You left us yesterday. Rather, your body finally gave way to the ailments you had been struggling with for some time now. Because the Grampy I knew and loved had actually been missing for some time. The problem with Alzheimer’s is that I can’t pin-point the moment that you had forgotten me, the moment that you no longer understood you were a beloved grandfather. I’ve gotta say that Alzheimer’s disease is a real motherfucker. Although it left your body with us, your mind and spirit were gone.

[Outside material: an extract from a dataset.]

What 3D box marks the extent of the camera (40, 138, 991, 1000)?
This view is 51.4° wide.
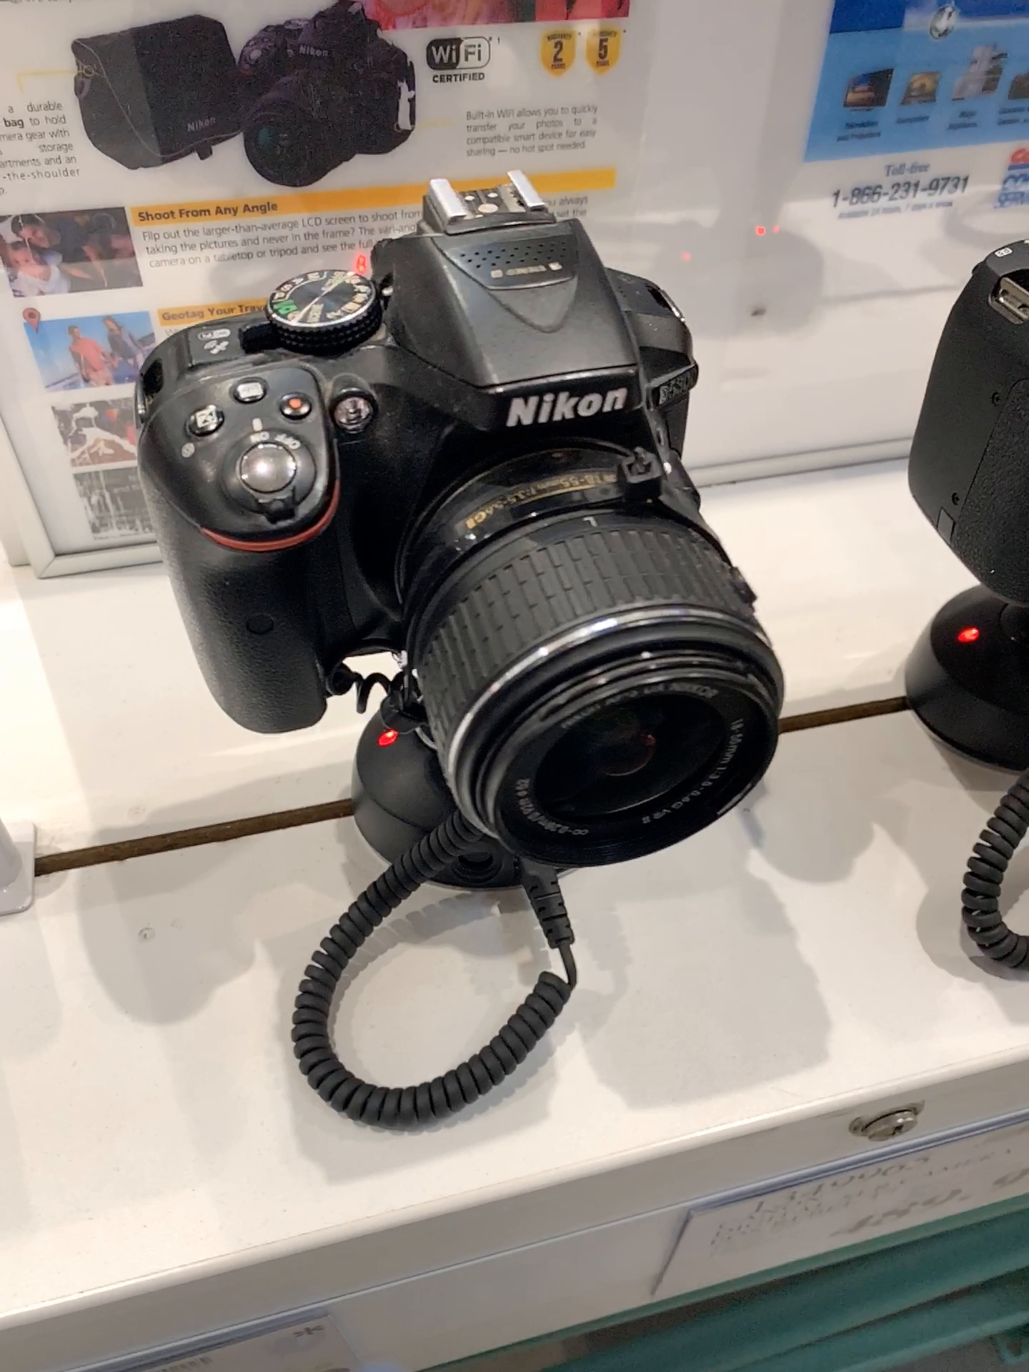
[{"bbox_3d":[-0.014,-0.036,0.204,0.120,0.069,0.141,-13,48,-14],"label":"camera"}]

But we are left with memories of you and your life. Both good and bad ones. But mostly good ones. Reminicing last night and today with mum&dad and Grammy, I learned a few stories I hadn’t heard before. Like how it is that your two daughters are so easily able to get in touch with their foul-mouthed-selves. In your younger days, you were a pro at firing off curse words to your fellow drivers. So pro in fact, that your little girl Nancy, exclaimed quite proudly during one of many car trips: “Jesus Christ Dad, 3 buses!” I heard about your adventures in plumbing, where every other word was ‘fuck’ or ‘goddamn’. Oh, and the time that you caught the biggest fish ever, and after having Nancy snap several picture of you with your glorious catch, discovered a few days later there was in fact no film in the camera. Oh the times you had!

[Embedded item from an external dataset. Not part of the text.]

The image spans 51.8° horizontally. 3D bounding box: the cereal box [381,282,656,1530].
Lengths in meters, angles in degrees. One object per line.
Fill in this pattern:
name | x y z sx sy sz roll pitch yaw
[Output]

And what about my memories? I will always remember you as a giant. I looked up to you both physically, and as a role model. You embodied so many admirable qualities: you worked hard to support and care for your family, you cherished the times spent with family and friends, you never took life too seriously, and you made your voice and opinions heard. You always told me to pursue my dreams, it was important not to lose sight of what you wanted to get out of life. You taught me to drive. Your booming laugh was always so contagious. And we could always, always count on our favourite lines at family gatherings: you calling Grammy, “little girl”; always asking “Is it free?” when invited for dinner or offered desserts; and asking me if I was being good and staying out of trouble. Let’s not forget about those phonecalls that would start with “Hi Rach, it’s your stupid grandfather calling for more computer help”. All these memories and words I will hold with me.

This week was difficult. It was emotionally draining and physically exhausting. I had tried to get myself to start my yoga this week, but every morning I woke up I could not for the life of me motivate myself to go. Until this morning, after you were gone. Truthfully, I think I was scared to leave the house and miss the call. And so when I finally made it to hot yoga, it was a cathartic experience for sure. I found myself crying a little during a couple postures and knew my body was releasing the grief and the tension I had been holding in all week. Grief and tension that me and my family had all been feeling.

You are gone now, and it’s still hard to grasp. I feel as though I am still waiting to see you walk through the front door with your bright red coat, and your big grin. Family get-togethers will not be the same without you. But rest assured, your memory will live on when we talk about you, and use your classic one-liners.